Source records
——————

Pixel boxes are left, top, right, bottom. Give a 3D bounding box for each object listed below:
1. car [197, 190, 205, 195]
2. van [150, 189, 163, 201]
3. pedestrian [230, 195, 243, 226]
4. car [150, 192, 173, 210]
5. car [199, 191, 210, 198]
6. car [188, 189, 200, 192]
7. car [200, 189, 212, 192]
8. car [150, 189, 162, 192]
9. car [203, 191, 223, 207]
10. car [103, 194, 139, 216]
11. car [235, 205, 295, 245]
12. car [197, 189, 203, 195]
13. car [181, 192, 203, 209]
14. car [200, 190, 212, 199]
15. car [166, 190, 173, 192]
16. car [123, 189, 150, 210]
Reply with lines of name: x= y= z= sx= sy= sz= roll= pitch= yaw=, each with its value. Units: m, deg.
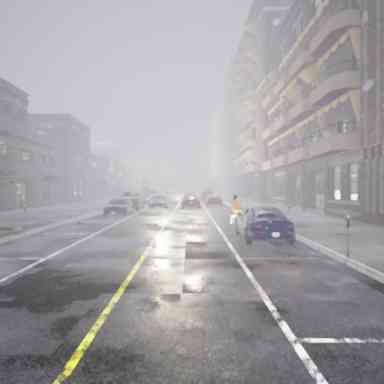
car: x=2.321 y=0.062 z=89.271 sx=2.008 sy=1.369 sz=4.403 roll=1 pitch=1 yaw=0
van: x=-5.879 y=0.417 z=55.057 sx=1.690 sy=1.788 sz=3.998 roll=1 pitch=1 yaw=0
pedestrian: x=2.255 y=1.007 z=16.833 sx=0.375 sy=1.860 sz=0.375 roll=1 pitch=0 yaw=0
car: x=-3.239 y=0.981 z=33.601 sx=2.033 sy=1.411 sz=5.357 roll=0 pitch=1 yaw=0
car: x=2.418 y=0.451 z=66.529 sx=1.947 sy=1.339 sz=4.313 roll=1 pitch=1 yaw=0
car: x=-0.203 y=0.641 z=49.709 sx=1.882 sy=1.535 sz=5.008 roll=0 pitch=1 yaw=0
car: x=2.471 y=0.388 z=55.152 sx=2.192 sy=1.841 sz=5.009 roll=1 pitch=1 yaw=0
car: x=-5.871 y=0.486 z=49.371 sx=2.192 sy=1.841 sz=5.009 roll=1 pitch=1 yaw=0
car: x=2.540 y=0.902 z=38.099 sx=1.887 sy=1.381 sz=4.507 roll=1 pitch=1 yaw=0
car: x=-5.791 y=1.116 z=26.631 sx=1.947 sy=1.339 sz=4.313 roll=1 pitch=1 yaw=0
car: x=2.939 y=1.287 z=13.987 sx=1.812 sy=1.442 sz=4.674 roll=0 pitch=1 yaw=0
car: x=2.296 y=-0.058 z=95.126 sx=1.752 sy=1.417 sz=4.829 roll=1 pitch=1 yaw=0
car: x=-0.099 y=0.978 z=34.704 sx=1.994 sy=1.385 sz=4.181 roll=0 pitch=1 yaw=1
car: x=2.444 y=0.419 z=60.840 sx=1.967 sy=1.590 sz=4.097 roll=1 pitch=1 yaw=0
car: x=-6.025 y=0.043 z=89.007 sx=1.752 sy=1.417 sz=4.829 roll=1 pitch=1 yaw=0
car: x=-5.811 y=0.770 z=32.313 sx=2.192 sy=1.841 sz=5.009 roll=1 pitch=1 yaw=0

——————

Instructions for the task:
Copy the stretch of the records above that runs from the line with "2. van [150, 189, 163, 201]" through the line with "16. car [123, 189, 150, 210]". Both end lines belong in the copy, and nothing else does.

Result for this exercise:
2. van [150, 189, 163, 201]
3. pedestrian [230, 195, 243, 226]
4. car [150, 192, 173, 210]
5. car [199, 191, 210, 198]
6. car [188, 189, 200, 192]
7. car [200, 189, 212, 192]
8. car [150, 189, 162, 192]
9. car [203, 191, 223, 207]
10. car [103, 194, 139, 216]
11. car [235, 205, 295, 245]
12. car [197, 189, 203, 195]
13. car [181, 192, 203, 209]
14. car [200, 190, 212, 199]
15. car [166, 190, 173, 192]
16. car [123, 189, 150, 210]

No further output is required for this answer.